Dans près de quatre départements sur dix, situés principalement dans la moitié nord et le centre de la France, la natalité diminue sous un triple effet : recul de la fécondité et baisse du nombre de femmes en âge d’avoir des enfants liée d’une part à l’évolution de la structure démographique et d’autre part aux déménagements. À l’inverse, dans les départements plus attractifs, notamment sur une partie du littoral atlantique et en régions francilienne et lyonnaise, l’arrivée d’habitants en âge d’avoir des enfants permet d’amortir ce déclin.
À l’échelle des aires d’attraction des villes (AAF), un même contraste se retrouve : les naissances diminuent fortement dans les petites aires (moins de 200 000 habitants) faute de renouvellement démographique, tandis que l’attractivité des plus grandes (plus de 700 000 habitants) compense en partie la baisse de la fécondité.
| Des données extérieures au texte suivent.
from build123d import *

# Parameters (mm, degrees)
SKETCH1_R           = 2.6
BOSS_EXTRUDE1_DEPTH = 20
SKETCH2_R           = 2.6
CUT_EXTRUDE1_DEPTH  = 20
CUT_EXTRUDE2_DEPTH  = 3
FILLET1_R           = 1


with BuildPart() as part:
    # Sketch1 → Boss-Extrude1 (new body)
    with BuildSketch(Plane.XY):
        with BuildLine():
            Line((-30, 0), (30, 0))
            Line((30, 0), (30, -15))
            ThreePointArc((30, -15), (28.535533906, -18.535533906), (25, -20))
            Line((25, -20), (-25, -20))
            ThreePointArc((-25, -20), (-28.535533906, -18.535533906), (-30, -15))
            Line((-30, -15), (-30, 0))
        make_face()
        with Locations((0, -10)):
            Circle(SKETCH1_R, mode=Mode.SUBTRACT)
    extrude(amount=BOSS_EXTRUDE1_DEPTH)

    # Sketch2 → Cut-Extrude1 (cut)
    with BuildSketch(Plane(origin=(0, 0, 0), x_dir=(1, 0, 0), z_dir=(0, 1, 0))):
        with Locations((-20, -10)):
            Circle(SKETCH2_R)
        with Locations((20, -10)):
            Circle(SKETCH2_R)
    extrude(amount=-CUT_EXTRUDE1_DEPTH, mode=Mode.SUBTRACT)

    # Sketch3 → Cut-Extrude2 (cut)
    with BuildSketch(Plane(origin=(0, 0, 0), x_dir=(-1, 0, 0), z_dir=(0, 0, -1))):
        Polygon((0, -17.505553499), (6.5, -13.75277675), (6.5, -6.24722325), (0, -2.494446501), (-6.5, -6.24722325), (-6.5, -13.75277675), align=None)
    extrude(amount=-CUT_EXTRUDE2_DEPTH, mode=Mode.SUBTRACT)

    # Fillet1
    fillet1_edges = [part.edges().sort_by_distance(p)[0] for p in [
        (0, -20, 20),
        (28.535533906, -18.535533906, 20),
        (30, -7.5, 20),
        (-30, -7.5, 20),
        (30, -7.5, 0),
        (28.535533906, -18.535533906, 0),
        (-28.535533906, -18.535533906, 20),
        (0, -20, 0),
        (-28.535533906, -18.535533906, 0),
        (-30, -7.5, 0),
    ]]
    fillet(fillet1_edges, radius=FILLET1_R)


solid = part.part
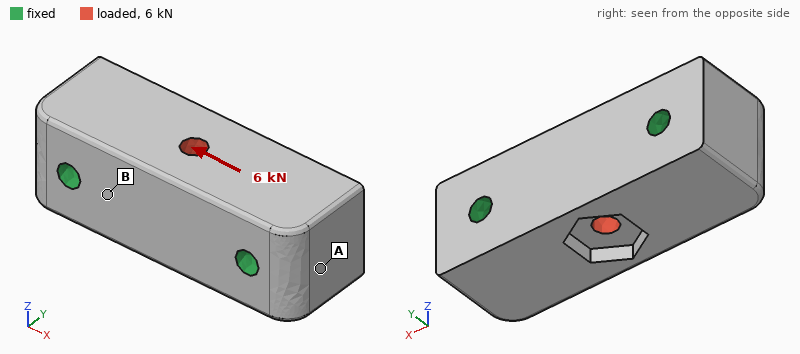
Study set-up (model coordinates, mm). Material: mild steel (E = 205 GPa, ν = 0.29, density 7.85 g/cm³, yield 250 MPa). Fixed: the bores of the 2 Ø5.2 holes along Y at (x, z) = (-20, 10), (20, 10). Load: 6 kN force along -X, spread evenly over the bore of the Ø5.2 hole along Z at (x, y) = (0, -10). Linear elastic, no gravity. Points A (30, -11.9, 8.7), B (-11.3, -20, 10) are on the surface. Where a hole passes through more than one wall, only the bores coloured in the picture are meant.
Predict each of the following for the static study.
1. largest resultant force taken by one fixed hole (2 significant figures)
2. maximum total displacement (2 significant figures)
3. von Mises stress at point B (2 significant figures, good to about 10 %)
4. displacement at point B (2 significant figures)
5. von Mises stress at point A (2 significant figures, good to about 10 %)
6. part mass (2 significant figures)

3.0 kN
1.2 µm
9.0 MPa
0.39 µm
3.6 MPa
170 g
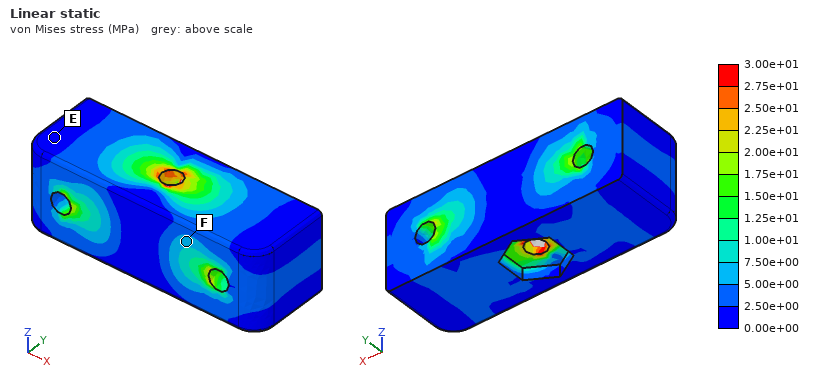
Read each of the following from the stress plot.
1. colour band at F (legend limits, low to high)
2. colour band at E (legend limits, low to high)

5.00e+00 to 7.50e+00 MPa
0.00e+00 to 2.50e+00 MPa
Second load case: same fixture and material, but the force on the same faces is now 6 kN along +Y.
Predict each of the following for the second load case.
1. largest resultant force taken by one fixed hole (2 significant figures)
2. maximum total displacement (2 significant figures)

3.0 kN
3.5 µm
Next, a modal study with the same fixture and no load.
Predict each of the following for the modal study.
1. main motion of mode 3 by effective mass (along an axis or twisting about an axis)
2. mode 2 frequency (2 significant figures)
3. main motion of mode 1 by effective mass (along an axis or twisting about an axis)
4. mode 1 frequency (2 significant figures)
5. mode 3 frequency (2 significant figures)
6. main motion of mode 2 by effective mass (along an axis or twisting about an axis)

twisting about X
33 kHz
along Z
26 kHz
37 kHz
along Y
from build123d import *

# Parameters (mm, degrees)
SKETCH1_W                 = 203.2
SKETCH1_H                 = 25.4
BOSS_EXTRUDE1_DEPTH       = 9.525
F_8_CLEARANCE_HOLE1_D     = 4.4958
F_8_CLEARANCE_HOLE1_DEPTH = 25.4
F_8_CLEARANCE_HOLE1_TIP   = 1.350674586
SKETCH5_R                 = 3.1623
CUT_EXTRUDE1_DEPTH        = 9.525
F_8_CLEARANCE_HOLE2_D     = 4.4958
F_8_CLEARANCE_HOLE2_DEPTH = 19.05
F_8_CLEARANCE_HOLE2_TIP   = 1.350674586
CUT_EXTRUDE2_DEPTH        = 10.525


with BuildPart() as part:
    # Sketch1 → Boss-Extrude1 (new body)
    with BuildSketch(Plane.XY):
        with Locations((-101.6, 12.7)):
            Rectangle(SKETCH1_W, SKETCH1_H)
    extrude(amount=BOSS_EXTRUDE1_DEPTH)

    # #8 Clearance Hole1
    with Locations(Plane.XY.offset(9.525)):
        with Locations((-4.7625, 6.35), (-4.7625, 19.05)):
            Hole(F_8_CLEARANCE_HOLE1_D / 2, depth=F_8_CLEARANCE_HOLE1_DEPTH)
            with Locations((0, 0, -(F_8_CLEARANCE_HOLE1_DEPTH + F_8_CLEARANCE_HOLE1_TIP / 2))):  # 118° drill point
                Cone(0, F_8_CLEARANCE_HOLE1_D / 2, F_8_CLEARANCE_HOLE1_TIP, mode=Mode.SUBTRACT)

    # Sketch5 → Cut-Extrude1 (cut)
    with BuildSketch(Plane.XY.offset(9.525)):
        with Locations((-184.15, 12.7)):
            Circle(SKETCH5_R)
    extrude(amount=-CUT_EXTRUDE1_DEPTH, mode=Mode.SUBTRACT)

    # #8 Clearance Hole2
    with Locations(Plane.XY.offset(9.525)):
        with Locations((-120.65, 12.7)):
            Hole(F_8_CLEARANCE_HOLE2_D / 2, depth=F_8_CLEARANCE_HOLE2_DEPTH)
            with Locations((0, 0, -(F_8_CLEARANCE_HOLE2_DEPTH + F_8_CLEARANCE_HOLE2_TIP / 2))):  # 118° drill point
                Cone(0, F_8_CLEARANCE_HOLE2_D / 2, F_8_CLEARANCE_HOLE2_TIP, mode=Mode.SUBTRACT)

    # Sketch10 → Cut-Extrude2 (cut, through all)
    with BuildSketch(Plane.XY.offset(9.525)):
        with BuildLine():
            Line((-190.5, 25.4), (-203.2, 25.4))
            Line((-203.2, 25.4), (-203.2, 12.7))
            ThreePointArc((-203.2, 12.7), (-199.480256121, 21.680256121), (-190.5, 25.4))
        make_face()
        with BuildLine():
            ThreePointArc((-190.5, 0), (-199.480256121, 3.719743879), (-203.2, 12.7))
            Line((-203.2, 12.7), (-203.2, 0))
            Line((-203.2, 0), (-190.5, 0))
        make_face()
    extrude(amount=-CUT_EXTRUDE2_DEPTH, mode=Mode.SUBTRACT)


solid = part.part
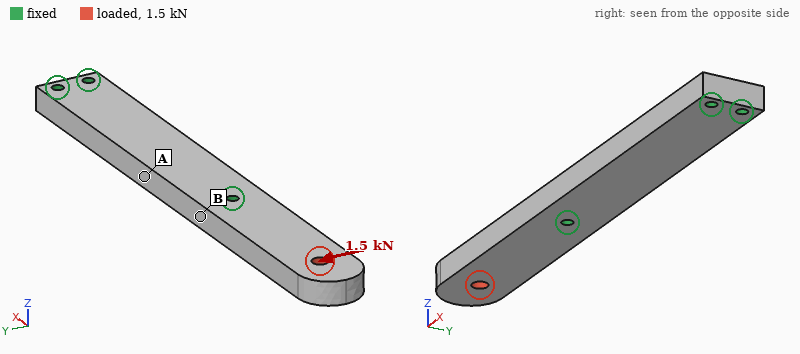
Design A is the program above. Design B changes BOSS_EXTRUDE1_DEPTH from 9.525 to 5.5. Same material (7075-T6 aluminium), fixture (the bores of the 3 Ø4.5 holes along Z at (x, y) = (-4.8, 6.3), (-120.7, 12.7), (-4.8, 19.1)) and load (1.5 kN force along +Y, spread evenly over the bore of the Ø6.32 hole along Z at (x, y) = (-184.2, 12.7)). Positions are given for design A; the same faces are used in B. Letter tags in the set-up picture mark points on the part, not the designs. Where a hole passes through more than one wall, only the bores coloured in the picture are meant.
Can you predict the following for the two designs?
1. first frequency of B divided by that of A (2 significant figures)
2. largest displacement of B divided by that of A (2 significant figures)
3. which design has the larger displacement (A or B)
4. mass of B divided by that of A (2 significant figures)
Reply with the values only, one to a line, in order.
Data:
0.60
1.7
B
0.58
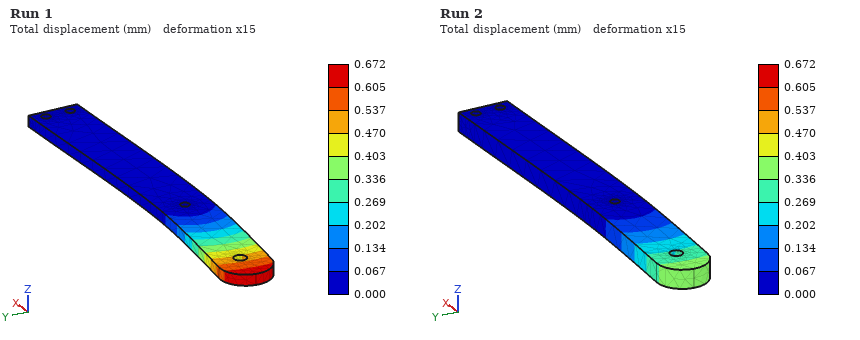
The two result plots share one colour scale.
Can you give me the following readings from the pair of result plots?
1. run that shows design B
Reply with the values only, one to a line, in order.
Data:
Run 1

Enfin, au sein même des plus grandes aires, les naissances se redistribuent des communes‑centres vers les périphéries, du fait des trajectoires résidentielles des familles.
Sommaire
- Une baisse des naissances d’ampleur historique, portée par le recul de la fécondité
- Des contrastes territoriaux persistants
- Un cumul d’effets défavorables dans près de quatre départements sur dix
- L’arrivée de nouveaux habitants atténue la baisse des naissances dans les départements attractifs
- Des territoires où la structure démographique pèse fortement sur la natalité
- Des évolutions contrastées dans l’outre‑mer
- Un recul des naissances plus fort dans les petites aires d’attraction des villes
- L’attractivité des grandes AAV amortit la baisse de la natalité
- Dans les grandes AAV, une baisse des naissances plus forte dans les communes‑centres
Une baisse des naissances d’ampleur historique, portée par le recul de la fécondité
Entre 2010 et 2022, les naissances enregistrées à l’état civil diminuent de 14 % en France hors Mayotte, passant de 833 000 à 715 000. Cette évolution tient avant tout au recul de la fécondité : l’indicateur conjoncturel de fécondité (ICF) passe de 2,03 enfants par femme en 2010 à 1,76 en 2022. Sur la période récente (2022‑2025), le nombre de naissances recule encore de 11 %, sous l’effet d’un ICF qui diminue à 1,55 enfant par femme en 2025 en France hors Mayotte. L’indicateur atteint ainsi son plus bas niveau depuis 1918.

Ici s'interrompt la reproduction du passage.